Task details:
Word for word, restate each of the entries below, and drop every picture.

Recorded data:

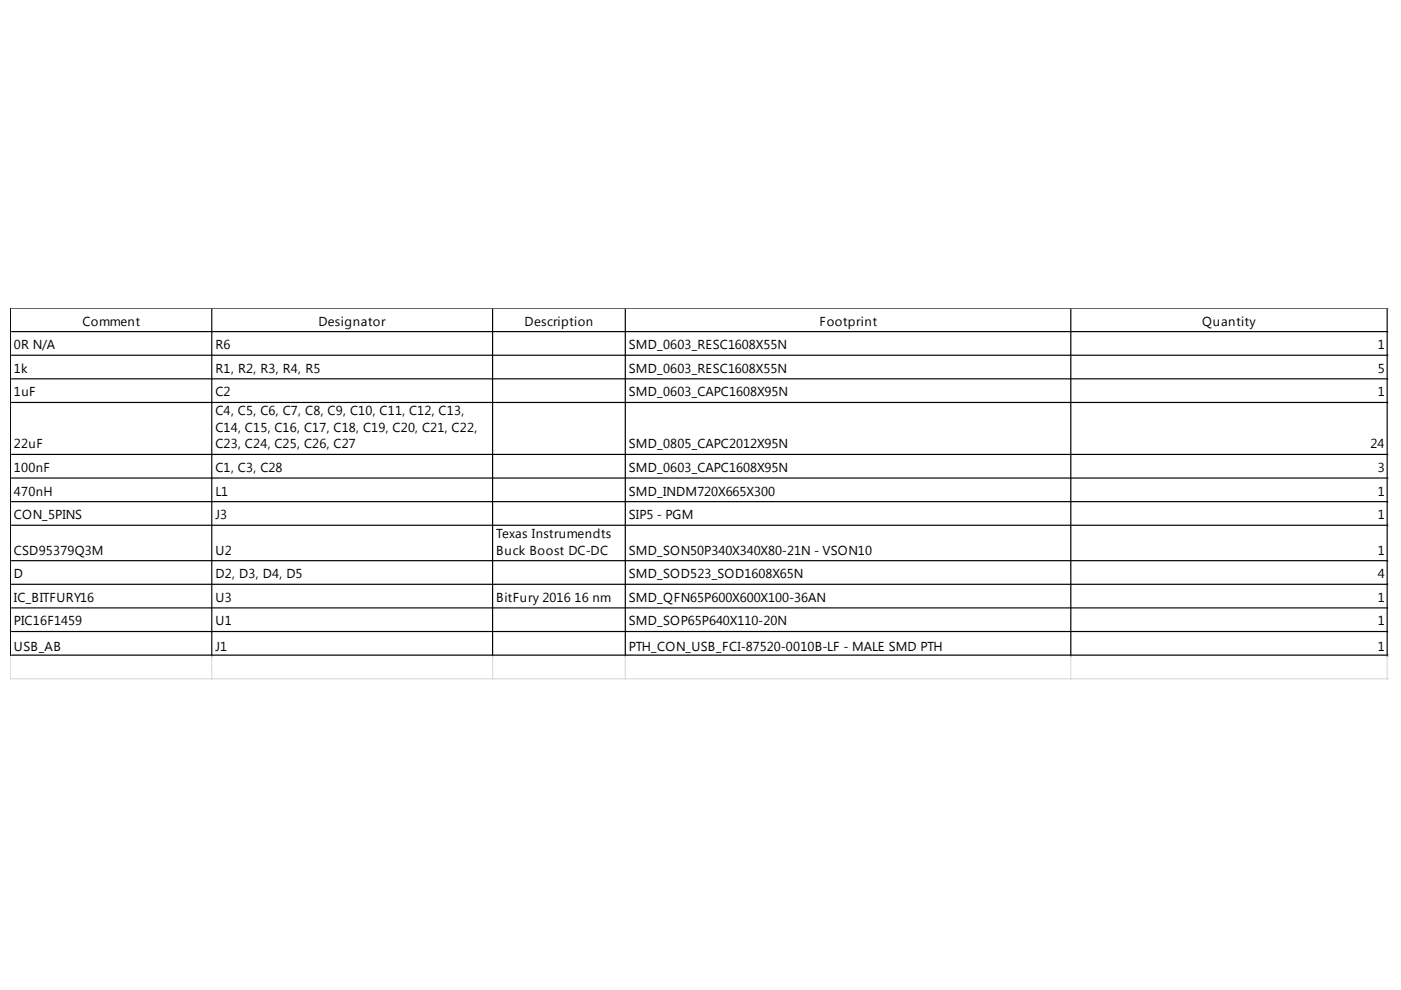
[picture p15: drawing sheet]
<svg xmlns="http://www.w3.org/2000/svg" width="297mm" height="210mm" viewBox="0 0 297 210" stroke-linecap="round" stroke-linejoin="round" font-family="sans-serif">
<defs><g id="words">
<g font-size="2.8">
<text x="17.5" y="69">Comment</text>
<text x="67.5" y="69">Designator</text>
<text x="111.2" y="69">Description</text>
<text x="173.8" y="69">Footprint</text>
<text x="254.9" y="69">Quantity</text>
<text x="3" y="74">0R N/A</text>
<text x="45.7" y="74">R6</text>
<text x="133.3" y="74">SMD_0603_RESC1608X55N</text>
<text x="292.1" y="74">1</text>
<text x="3" y="79">1k</text>
<text x="45.7" y="79">R1, R2, R3, R4, R5</text>
<text x="133.3" y="79">SMD_0603_RESC1608X55N</text>
<text x="292.1" y="79">5</text>
<text x="3" y="84">1uF</text>
<text x="45.7" y="84">C2</text>
<text x="45.7" y="88.1">C4, C5, C6, C7, C8, C9, C10, C11, C12, C13,</text>
<text x="133.3" y="84">SMD_0603_CAPC1608X95N</text>
<text x="292.1" y="84">1</text>
<text x="3" y="95.1">22uF</text>
<text x="45.7" y="91.6">C14, C15, C16, C17, C18, C19, C20, C21, C22,</text>
<text x="45.7" y="95.1">C23, C24, C25, C26, C27</text>
<text x="133.3" y="95.1">SMD_0805_CAPC2012X95N</text>
<text x="290.6" y="95.1">24</text>
<text x="3" y="100.1">100nF</text>
<text x="45.7" y="100.1">C1, C3, C28</text>
<text x="133.3" y="100.1">SMD_0603_CAPC1608X95N</text>
<text x="292.1" y="100.1">3</text>
<text x="3" y="105.1">470nH</text>
<text x="45.7" y="105.1">L1</text>
<text x="133.3" y="105.1">SMD_INDM720X665X300</text>
<text x="292.1" y="105.1">1</text>
<text x="3" y="110.1">CON_5PINS</text>
<text x="45.7" y="110.1">J3</text>
<text x="133.3" y="110.1">SIP5 - PGM</text>
<text x="292.1" y="110.1">1</text>
<text x="3" y="117.6">CSD95379Q3M</text>
<text x="45.7" y="117.6">U2</text>
<text x="105.2" y="114.1">Texas Instrumendts</text>
<text x="105.2" y="117.6">Buck Boost DC-DC</text>
<text x="133.3" y="117.6">SMD_SON50P340X340X80-21N - VSON10</text>
<text x="292.1" y="117.6">1</text>
<text x="3" y="122.6">D</text>
<text x="45.7" y="122.6">D2, D3, D4, D5</text>
<text x="133.3" y="122.6">SMD_SOD523_SOD1608X65N</text>
<text x="292.1" y="122.6">4</text>
<text x="3" y="127.6">IC_BITFURY16</text>
<text x="45.7" y="127.6">U3</text>
<text x="105.2" y="127.6">BitFury 2016 16 nm</text>
<text x="133.3" y="127.6">SMD_QFN65P600X600X100-36AN</text>
<text x="292.1" y="127.6">1</text>
<text x="3" y="132.6">PIC16F1459</text>
<text x="45.7" y="132.6">U1</text>
<text x="133.3" y="132.6">SMD_SOP65P640X110-20N</text>
<text x="292.1" y="132.6">1</text>
<text x="3" y="138.1">USB_AB</text>
<text x="45.7" y="138.1">J1</text>
<text x="133.3" y="138.1">PTH_CON_USB_FCI-87520-0010B-LF - MALE SMD PTH</text>
<text x="292.1" y="138.1">1</text>
</g>
</g></defs>
<g fill="none" stroke="#000" stroke-width=".25">
<path d="M2.2 65.3v73.9M2.5 65.3h291.9M2.5 70.3h291.9M2.5 75.3h291.9M44.9 65.6v73.6M104.4 65.6v73.6M132.6 65.6v73.6M227 65.6v73.6M294.1 65.6v73.6M2.5 80.3h291.9M2.5 85.3h291.9M2.5 96.3h291.9"/>
<path d="M2.5 101.4h291.9M2.5 106.4h291.9M2.5 111.4h291.9M2.5 118.9h291.9M2.5 123.9h291.9M2.5 128.9h291.9M2.5 133.9h291.9M2.5 138.9h291.9"/>
</g>
<path d="M294.4 65.3h.1M2.2 139.2v5M44.9 139.2v5M104.4 139.2v5M132.6 139.2v5M227 139.2v5M294.1 139.2v5" fill="none" stroke="#dadcdd" stroke-width=".25"/>
<path d="M294.4 65.3v.3z" fill="#dadcdd"/>
<path d="M294.4 70.3h.1" fill="none" stroke="#dadcdd" stroke-width=".25"/>
<path d="M294.4 70.3v.3z" fill="#dadcdd"/>
<path d="M294.4 75.3h.1" fill="none" stroke="#dadcdd" stroke-width=".25"/>
<path d="M294.4 75.3v.3z" fill="#dadcdd"/>
<path d="M294.4 80.3h.1" fill="none" stroke="#dadcdd" stroke-width=".25"/>
<path d="M294.4 80.3v.3z" fill="#dadcdd"/>
<path d="M294.4 85.3h.1" fill="none" stroke="#dadcdd" stroke-width=".25"/>
<path d="M294.4 85.3v.3z" fill="#dadcdd"/>
<path d="M294.4 96.3h.1" fill="none" stroke="#dadcdd" stroke-width=".25"/>
<path d="M294.4 96.3v.3z" fill="#dadcdd"/>
<path d="M294.4 101.4h.1" fill="none" stroke="#dadcdd" stroke-width=".25"/>
<path d="M294.4 101.4v.2z" fill="#dadcdd"/>
<path d="M294.4 106.4h.1" fill="none" stroke="#dadcdd" stroke-width=".25"/>
<path d="M294.4 106.4v.2z" fill="#dadcdd"/>
<path d="M294.4 111.4h.1" fill="none" stroke="#dadcdd" stroke-width=".25"/>
<path d="M294.4 111.4v.2z" fill="#dadcdd"/>
<path d="M294.4 118.9h.1" fill="none" stroke="#dadcdd" stroke-width=".25"/>
<path d="M294.4 118.9v.2z" fill="#dadcdd"/>
<path d="M294.4 123.9h.1" fill="none" stroke="#dadcdd" stroke-width=".25"/>
<path d="M294.4 123.9v.2z" fill="#dadcdd"/>
<path d="M294.4 128.9h.1" fill="none" stroke="#dadcdd" stroke-width=".25"/>
<path d="M294.4 128.9v.2z" fill="#dadcdd"/>
<path d="M294.4 133.9h.1" fill="none" stroke="#dadcdd" stroke-width=".25"/>
<path d="M294.4 133.9v.2z" fill="#dadcdd"/>
<path d="M294.4 138.9h.1" fill="none" stroke="#dadcdd" stroke-width=".25"/>
<path d="M294.4 138.9v.3z" fill="#dadcdd"/>
<path d="M2.2 143.9h292.2" fill="none" stroke="#dadcdd" stroke-width=".25"/>
<use href="#words"/>
</svg>

Finished task:
[picture p15: drawing sheet]
<svg xmlns="http://www.w3.org/2000/svg" width="297mm" height="210mm" viewBox="0 0 297 210" stroke-linecap="round" stroke-linejoin="round" font-family="sans-serif">
<defs><g id="words">
<g font-size="2.8">
<text x="17.5" y="69">Comment</text>
<text x="67.5" y="69">Designator</text>
<text x="111.2" y="69">Description</text>
<text x="173.8" y="69">Footprint</text>
<text x="254.9" y="69">Quantity</text>
<text x="3" y="74">0R N/A</text>
<text x="45.7" y="74">R6</text>
<text x="133.3" y="74">SMD_0603_RESC1608X55N</text>
<text x="292.1" y="74">1</text>
<text x="3" y="79">1k</text>
<text x="45.7" y="79">R1, R2, R3, R4, R5</text>
<text x="133.3" y="79">SMD_0603_RESC1608X55N</text>
<text x="292.1" y="79">5</text>
<text x="3" y="84">1uF</text>
<text x="45.7" y="84">C2</text>
<text x="45.7" y="88.1">C4, C5, C6, C7, C8, C9, C10, C11, C12, C13,</text>
<text x="133.3" y="84">SMD_0603_CAPC1608X95N</text>
<text x="292.1" y="84">1</text>
<text x="3" y="95.1">22uF</text>
<text x="45.7" y="91.6">C14, C15, C16, C17, C18, C19, C20, C21, C22,</text>
<text x="45.7" y="95.1">C23, C24, C25, C26, C27</text>
<text x="133.3" y="95.1">SMD_0805_CAPC2012X95N</text>
<text x="290.6" y="95.1">24</text>
<text x="3" y="100.1">100nF</text>
<text x="45.7" y="100.1">C1, C3, C28</text>
<text x="133.3" y="100.1">SMD_0603_CAPC1608X95N</text>
<text x="292.1" y="100.1">3</text>
<text x="3" y="105.1">470nH</text>
<text x="45.7" y="105.1">L1</text>
<text x="133.3" y="105.1">SMD_INDM720X665X300</text>
<text x="292.1" y="105.1">1</text>
<text x="3" y="110.1">CON_5PINS</text>
<text x="45.7" y="110.1">J3</text>
<text x="133.3" y="110.1">SIP5 - PGM</text>
<text x="292.1" y="110.1">1</text>
<text x="3" y="117.6">CSD95379Q3M</text>
<text x="45.7" y="117.6">U2</text>
<text x="105.2" y="114.1">Texas Instrumendts</text>
<text x="105.2" y="117.6">Buck Boost DC-DC</text>
<text x="133.3" y="117.6">SMD_SON50P340X340X80-21N - VSON10</text>
<text x="292.1" y="117.6">1</text>
<text x="3" y="122.6">D</text>
<text x="45.7" y="122.6">D2, D3, D4, D5</text>
<text x="133.3" y="122.6">SMD_SOD523_SOD1608X65N</text>
<text x="292.1" y="122.6">4</text>
<text x="3" y="127.6">IC_BITFURY16</text>
<text x="45.7" y="127.6">U3</text>
<text x="105.2" y="127.6">BitFury 2016 16 nm</text>
<text x="133.3" y="127.6">SMD_QFN65P600X600X100-36AN</text>
<text x="292.1" y="127.6">1</text>
<text x="3" y="132.6">PIC16F1459</text>
<text x="45.7" y="132.6">U1</text>
<text x="133.3" y="132.6">SMD_SOP65P640X110-20N</text>
<text x="292.1" y="132.6">1</text>
<text x="3" y="138.1">USB_AB</text>
<text x="45.7" y="138.1">J1</text>
<text x="133.3" y="138.1">PTH_CON_USB_FCI-87520-0010B-LF - MALE SMD PTH</text>
<text x="292.1" y="138.1">1</text>
</g>
</g></defs>
<g fill="none" stroke="#000" stroke-width=".25">
<path d="M2.2 65.3v73.9M2.5 65.3h291.9M2.5 70.3h291.9M2.5 75.3h291.9M44.9 65.6v73.6M104.4 65.6v73.6M132.6 65.6v73.6M227 65.6v73.6M294.1 65.6v73.6M2.5 80.3h291.9M2.5 85.3h291.9M2.5 96.3h291.9"/>
<path d="M2.5 101.4h291.9M2.5 106.4h291.9M2.5 111.4h291.9M2.5 118.9h291.9M2.5 123.9h291.9M2.5 128.9h291.9M2.5 133.9h291.9M2.5 138.9h291.9"/>
</g>
<path d="M294.4 65.3h.1M2.2 139.2v5M44.9 139.2v5M104.4 139.2v5M132.6 139.2v5M227 139.2v5M294.1 139.2v5" fill="none" stroke="#dadcdd" stroke-width=".25"/>
<path d="M294.4 65.3v.3z" fill="#dadcdd"/>
<path d="M294.4 70.3h.1" fill="none" stroke="#dadcdd" stroke-width=".25"/>
<path d="M294.4 70.3v.3z" fill="#dadcdd"/>
<path d="M294.4 75.3h.1" fill="none" stroke="#dadcdd" stroke-width=".25"/>
<path d="M294.4 75.3v.3z" fill="#dadcdd"/>
<path d="M294.4 80.3h.1" fill="none" stroke="#dadcdd" stroke-width=".25"/>
<path d="M294.4 80.3v.3z" fill="#dadcdd"/>
<path d="M294.4 85.3h.1" fill="none" stroke="#dadcdd" stroke-width=".25"/>
<path d="M294.4 85.3v.3z" fill="#dadcdd"/>
<path d="M294.4 96.3h.1" fill="none" stroke="#dadcdd" stroke-width=".25"/>
<path d="M294.4 96.3v.3z" fill="#dadcdd"/>
<path d="M294.4 101.4h.1" fill="none" stroke="#dadcdd" stroke-width=".25"/>
<path d="M294.4 101.4v.2z" fill="#dadcdd"/>
<path d="M294.4 106.4h.1" fill="none" stroke="#dadcdd" stroke-width=".25"/>
<path d="M294.4 106.4v.2z" fill="#dadcdd"/>
<path d="M294.4 111.4h.1" fill="none" stroke="#dadcdd" stroke-width=".25"/>
<path d="M294.4 111.4v.2z" fill="#dadcdd"/>
<path d="M294.4 118.9h.1" fill="none" stroke="#dadcdd" stroke-width=".25"/>
<path d="M294.4 118.9v.2z" fill="#dadcdd"/>
<path d="M294.4 123.9h.1" fill="none" stroke="#dadcdd" stroke-width=".25"/>
<path d="M294.4 123.9v.2z" fill="#dadcdd"/>
<path d="M294.4 128.9h.1" fill="none" stroke="#dadcdd" stroke-width=".25"/>
<path d="M294.4 128.9v.2z" fill="#dadcdd"/>
<path d="M294.4 133.9h.1" fill="none" stroke="#dadcdd" stroke-width=".25"/>
<path d="M294.4 133.9v.2z" fill="#dadcdd"/>
<path d="M294.4 138.9h.1" fill="none" stroke="#dadcdd" stroke-width=".25"/>
<path d="M294.4 138.9v.3z" fill="#dadcdd"/>
<path d="M2.2 143.9h292.2" fill="none" stroke="#dadcdd" stroke-width=".25"/>
<use href="#words"/>
</svg>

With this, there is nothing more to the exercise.